実際、この整理は現場感覚としても、多くの場合に当てはまります。
……とはいえ、ここで多くの人が一度は、こう思うはずです。
「製作」と「作製って、文字を入れ替えただけで、ほぼ同じじゃないの?」
この疑問は、決して的外れではありません。
実際、国語辞典ではこの2つを**ほぼ同じ意味の言葉(同義語)**として扱っているものも多く、厳密な使い分けルールが定められているわけではありません。
つまり、辞書的には、
「製作」=「作製」=物をつくること
と考えても、大きな間違いではないのです。
では、なぜ私たちは、日常の中で「製作」と「作製」を使い分けているように感じるのでしょうか。
その理由は、意味の違いというよりも、**長年の使用の中で形づくられた“使われ方の傾向”や“慣習”**にあります。

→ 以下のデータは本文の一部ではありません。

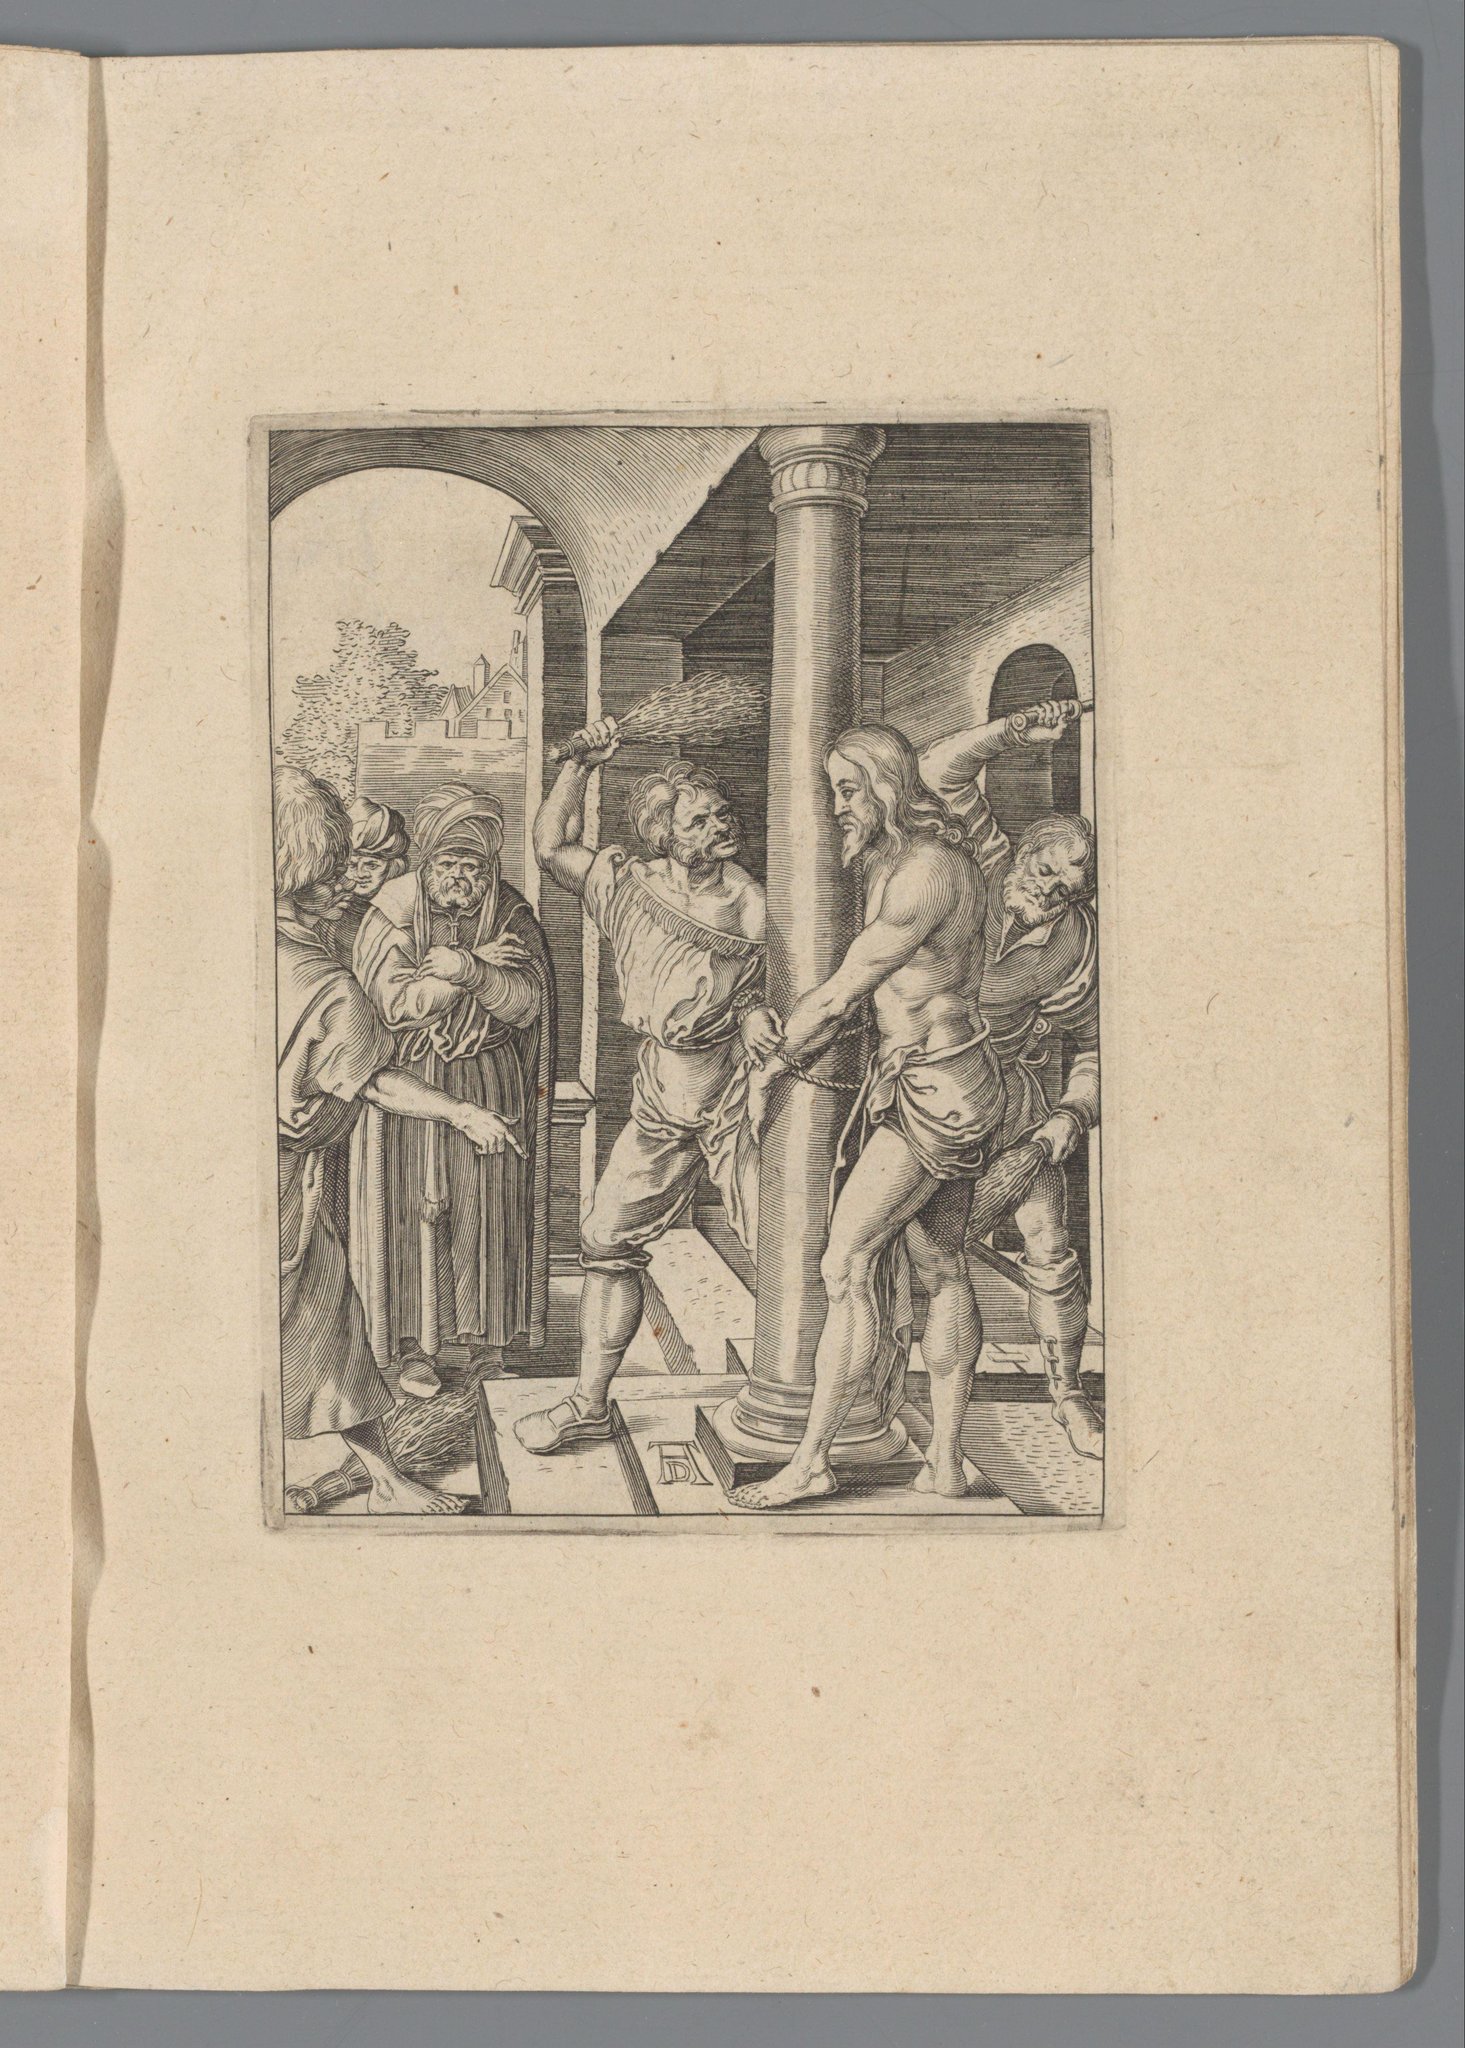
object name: print
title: Geseling van Christus
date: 1610-1620
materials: paper
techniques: engraving
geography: the hague
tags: flagellation by soldiers, christ usually tied to a column (matthew 27:26; mark 15:15; john 19:1)
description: Christus wordt, gebonden aan een zuil, gegeseld door mannen met takkenbossen. Prent maakt deel uit van een album.

たとえば、「機械製作」「映画製作」「装置製作」などのように、名詞として使われる場合には、「製作」が定着している例が多く見られます。
一方で、
・試作品を作製する
・実験装置を作製する
・部品を作製する
といったように、動詞として使う場合には、「作製する」も現在まで広く用いられています。
さらに、実際の用例を見ていくと、「作製」は、
・一点もの
・試作
・研究用途
・手作業に近い作業
と結びつきやすい傾向があり、「製作」は、
・設備
・製品
・量産
・産業用途
と結びつきやすい傾向があります。
そのため、現場では自然に、
作製=比較的小規模・試作寄り
製作=工業的・製品寄り
という、ゆるやかな使い分けが生まれてきました。
ただし、これはあくまで「傾向」にすぎません。
「ここから先は必ず製作」「ここからは必ず作製」と決まっているわけではなく、実際には両者が混ざって使われる場面も多くあります。
現在の日本語では、この2つは、
意味はほぼ同じで、
使い分けは慣習や文脈に委ねられている
という形で共存している言葉なのです。
だからこそ、「製作」と「作製」で迷ったときは、細かい規則を探すよりも、「この場面ではどちらが自然か」という感覚を大切にするほうが、実用的だと言えるでしょう。
6章|なぜ4つに分かれたのか?|近代化と言葉の分業
もともと日本語では、「作る」だけで十分でした。
しかし、明治以降、日本は急速に近代化します。
・工業化
・西洋技術の導入
・芸術文化の発展
・事務制度の整備
これにより、
事務
製造
芸術
産業
がはっきり分かれました。
それぞれの分野に合わせて、「つくる」も細分化されたのです。
つまり、
仕事の分業 → 言葉の分業
が起きた結果だと言えます。
7章|迷ったときの判断法|3秒で決まる使い分け
迷ったら、次の順で考えてください。
① 書類・データ? → 作成
② 手作りのモノ? → 作製
③ 表現・作品? → 制作
④ 製品・機械? → 製作
これだけで9割解決します。
8章|よくある間違い例
実際によくあるミスも見ておきましょう。
❌ 動画を作成する
→ ✅ 動画を制作する(表現物なので「制作」が自然)
❌ 機械を制作する
→ ✅ 機械を製作する(工業製品なので「製作」)
❌ 書類を制作する
→ ✅ 書類を作成する(事務文書なので「作成」)
❌ レポートを製作する
→ ✅ レポートを作成する/書く(文章なので「作成」)
このように、「何をつくっているのか」を意識すれば、自然な言葉はすぐに判断できます。
9章|文化としての「つくる」の細かさ
日本語は、「行為の違い」を細かく分ける言語です。
・焼く/煮る/炒める
・見る/観る/視る
・聞く/聴く
などもそうです。
「作成・作製・制作・製作」も同じで、
仕事の中身を言葉で正確に表す文化
が背景にあります。
これは、日本の職人文化や分業社会とも深く関係しています。
まとめ|4つの「つくる」は役割が違うだけ
最後に整理します。
・作成=情報をまとめる
・作製=実物を作る(試作・少量寄り)
・制作=表現を生み出す
・製作=製品を作る
すべて「つくる」ですが、
対象と目的が違うだけです。
これを理解しておけば、もう迷いません。